Task:
Print the records below exactly, starting at the first line and stopping after the line that contains "Provide a succinct answer. 363.12.". Leave out any pictures.

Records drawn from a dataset
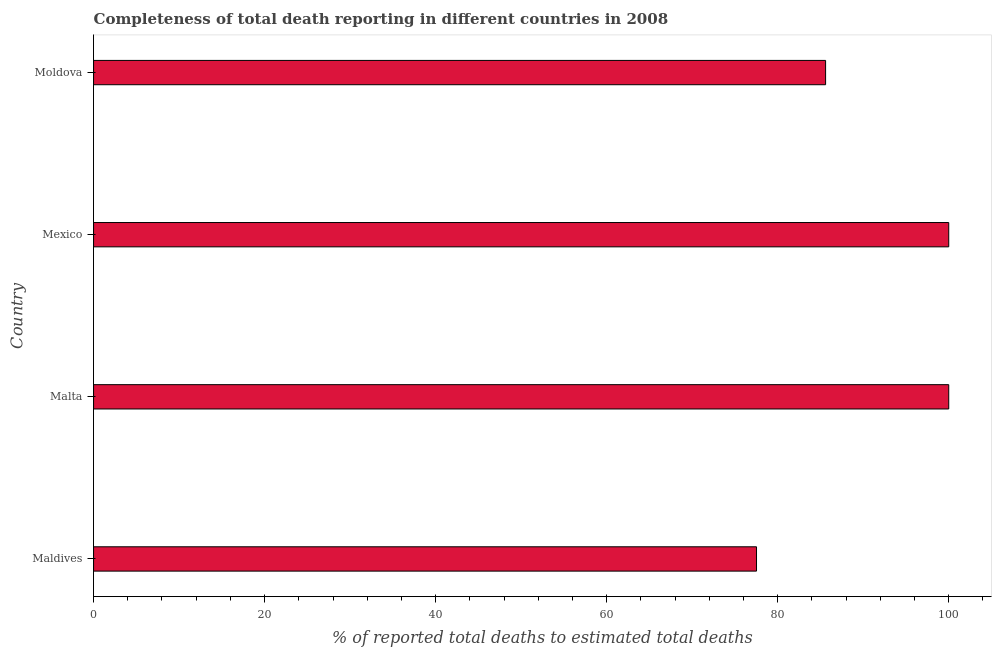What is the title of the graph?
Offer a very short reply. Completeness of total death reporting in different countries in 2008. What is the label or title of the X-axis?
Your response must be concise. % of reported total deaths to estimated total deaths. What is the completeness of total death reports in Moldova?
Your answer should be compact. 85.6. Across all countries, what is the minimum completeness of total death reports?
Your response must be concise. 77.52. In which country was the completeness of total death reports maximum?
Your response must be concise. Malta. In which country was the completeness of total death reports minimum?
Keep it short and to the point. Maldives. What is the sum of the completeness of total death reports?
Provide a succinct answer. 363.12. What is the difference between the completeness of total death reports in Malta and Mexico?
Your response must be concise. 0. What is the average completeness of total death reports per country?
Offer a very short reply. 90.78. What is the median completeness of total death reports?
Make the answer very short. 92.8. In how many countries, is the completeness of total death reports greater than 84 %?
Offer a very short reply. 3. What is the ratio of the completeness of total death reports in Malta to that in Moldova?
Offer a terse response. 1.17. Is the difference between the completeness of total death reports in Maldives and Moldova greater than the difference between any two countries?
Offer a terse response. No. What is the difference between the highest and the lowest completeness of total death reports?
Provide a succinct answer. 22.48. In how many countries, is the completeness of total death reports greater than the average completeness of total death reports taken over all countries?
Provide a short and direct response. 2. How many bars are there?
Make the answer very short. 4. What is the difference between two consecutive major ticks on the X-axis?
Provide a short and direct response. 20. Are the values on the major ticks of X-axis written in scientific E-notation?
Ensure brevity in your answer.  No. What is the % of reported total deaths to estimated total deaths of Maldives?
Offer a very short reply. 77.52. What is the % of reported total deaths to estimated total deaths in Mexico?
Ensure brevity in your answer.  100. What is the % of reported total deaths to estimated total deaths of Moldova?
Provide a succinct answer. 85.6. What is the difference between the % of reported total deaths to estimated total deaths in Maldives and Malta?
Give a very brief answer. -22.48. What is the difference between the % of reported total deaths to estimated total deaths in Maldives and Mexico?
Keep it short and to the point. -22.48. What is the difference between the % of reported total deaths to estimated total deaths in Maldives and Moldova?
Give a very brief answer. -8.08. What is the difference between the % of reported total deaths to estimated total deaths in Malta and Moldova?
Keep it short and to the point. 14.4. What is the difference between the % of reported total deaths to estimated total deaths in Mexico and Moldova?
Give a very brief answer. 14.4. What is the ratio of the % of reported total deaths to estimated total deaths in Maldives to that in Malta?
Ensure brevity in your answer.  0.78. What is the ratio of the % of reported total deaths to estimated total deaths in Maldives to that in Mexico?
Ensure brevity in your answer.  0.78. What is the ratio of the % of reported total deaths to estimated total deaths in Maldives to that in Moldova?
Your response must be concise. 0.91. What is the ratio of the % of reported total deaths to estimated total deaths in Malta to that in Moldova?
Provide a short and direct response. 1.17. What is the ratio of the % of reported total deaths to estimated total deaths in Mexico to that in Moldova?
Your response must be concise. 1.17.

Written answer:
What is the title of the graph?
Offer a very short reply. Completeness of total death reporting in different countries in 2008. What is the label or title of the X-axis?
Your response must be concise. % of reported total deaths to estimated total deaths. What is the completeness of total death reports in Moldova?
Your answer should be compact. 85.6. Across all countries, what is the minimum completeness of total death reports?
Your response must be concise. 77.52. In which country was the completeness of total death reports maximum?
Your response must be concise. Malta. In which country was the completeness of total death reports minimum?
Keep it short and to the point. Maldives. What is the sum of the completeness of total death reports?
Provide a succinct answer. 363.12. What is the difference between the completeness of total death reports in Malta and Mexico?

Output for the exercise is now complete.